So far I see all these arguments as hinging on what the distribution of talent looks like, and what ideas are a function of; if coming up with ideas is just a matter of time then the more people the better; conversely if that also depends on how good the individual scientist is then the benefits of having more heads can be offset with a higher chance of a breakthrough per individual. It also depends on what are we interested in maximizing. Is it just papers published? If we think that it is only a small part of the science that matters, and that such science can require more resources then even when on paper it is in the decreasing marginal returns part of the curve, funding that is still the right thing to do.

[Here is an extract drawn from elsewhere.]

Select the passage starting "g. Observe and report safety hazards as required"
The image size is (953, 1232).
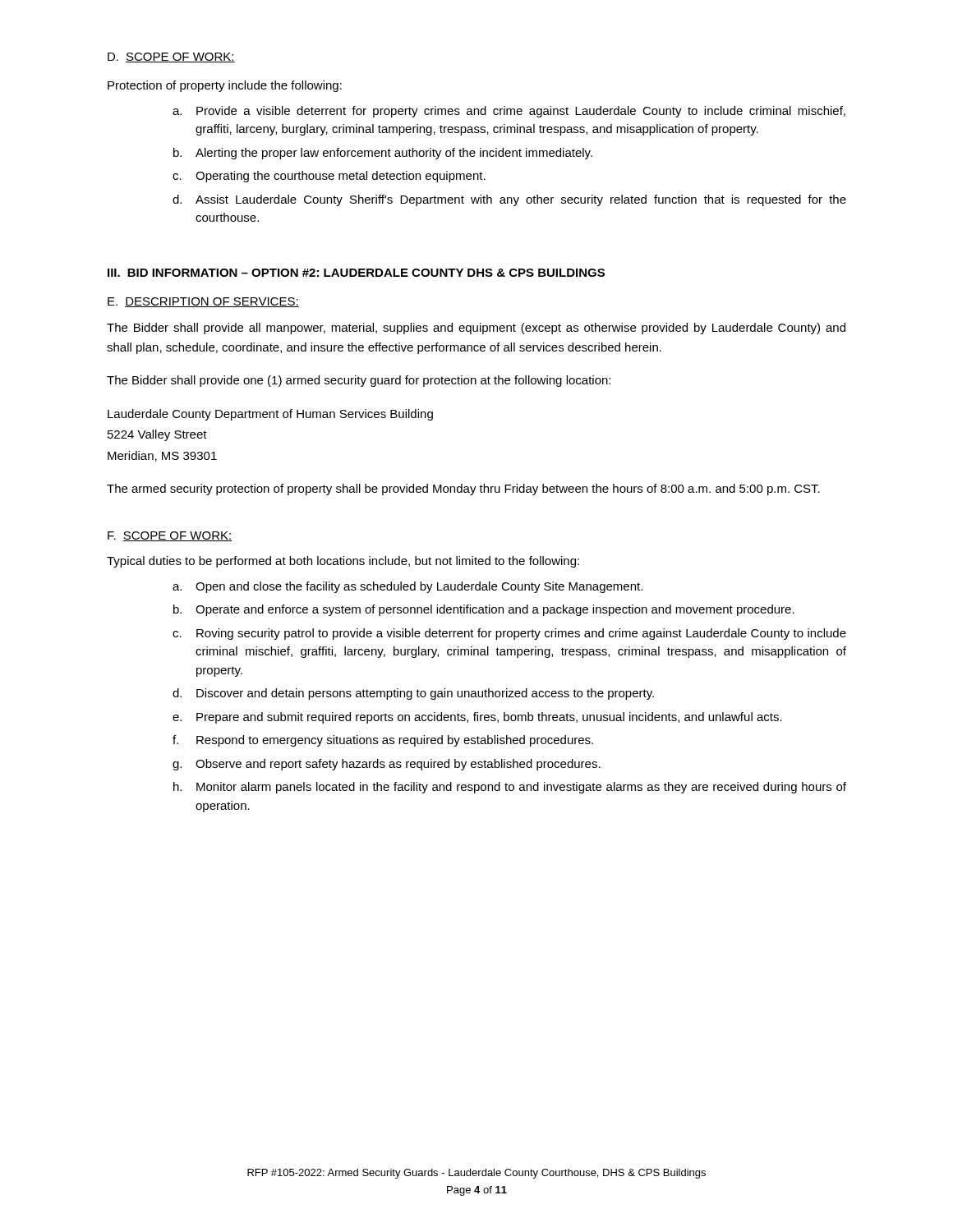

Most of the papers studying the correlation between funding levels and outputs (publications, patents, citations) find either constant or decreasing marginal returns, but these results seem to be heterogeneous as to where the cutoff for the onset of those decreasing returns would be. The authors also note something that to me make drawing conclusions not at all straightforward and that I mentioned earlier:

However, reducing the issue of funding size to a simple question of evidence for or against concentration would be to oversimplify a complex and multifaceted problem. The “proper” balance between concentration and dispersal of research funding may be more accurately described as a matter of degree: Both too small and too large grant sizes appear to be inefficient in both economic and epistemic terms. Notwithstanding, the available research suggest that the funding levels needed to achieve a “critical mass” may not necessarily be very high. Hence, a key question concerns where the “sweet spot” (or preferred region) in the balance between concentration and dispersal is to be found (Page, 2014). Given the presumed benefits of funding dispersal with respect to diversity, there is an urgent need for more thorough and systematic examinations of how much diversity and which forms of diversity that could accommodate a more robust, innovative, and forward-moving scientific system (Page, 2014). The optimal balances are, however, likely to be dependent on both field-specific characteristics and factors related to the overall configuration of national funding systems.

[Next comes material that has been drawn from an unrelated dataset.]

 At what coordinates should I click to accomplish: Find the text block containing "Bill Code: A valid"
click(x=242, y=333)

So whereas I have no problem in agreeing with the authors on something like "All else equal funding should be dispersed", the problem lies in that all else equal.

As a thought experiment, Vaesen & Katzav (2017) have the actual numbers that would result from funding everyone equally in the Us, the UK, and the Netherlands. I focus here in the US case. The calculation is based on total federal R&D funding in the US to universities from NIH, DoE, DoD, NASA, USDA or NSF (36.68 bn$), and the total number of faculty employed at universities (317k) plus 200k PhD students and 62k postdocs. Given this they estimate that each faculty member that's doing research would get 599k$ for a five year period, plus another $418k to pay for hiring and materials. This would be equivalent as giving everyone 2-4 NIH R01s.

We can redo the calculation for NIH alone; NIH spends 29bn$ per year on 55k grants; from the Lauer 2017 dataset above there may be 30k PIs funded per year (Coherent with this). So we get roughly 1M$ per PI per year? This is substantially more than the 599+418 that Vaesen & Katzav mentions above, as that is for 5 years. This may be due to them including literally everyone that is employed by a university in the US doing research of any kind (317k) and my PI calculation is including just PIs (30k) that did get funded in a given year. We could still get to 500k per year and still double the number of PIs NIH Is funding.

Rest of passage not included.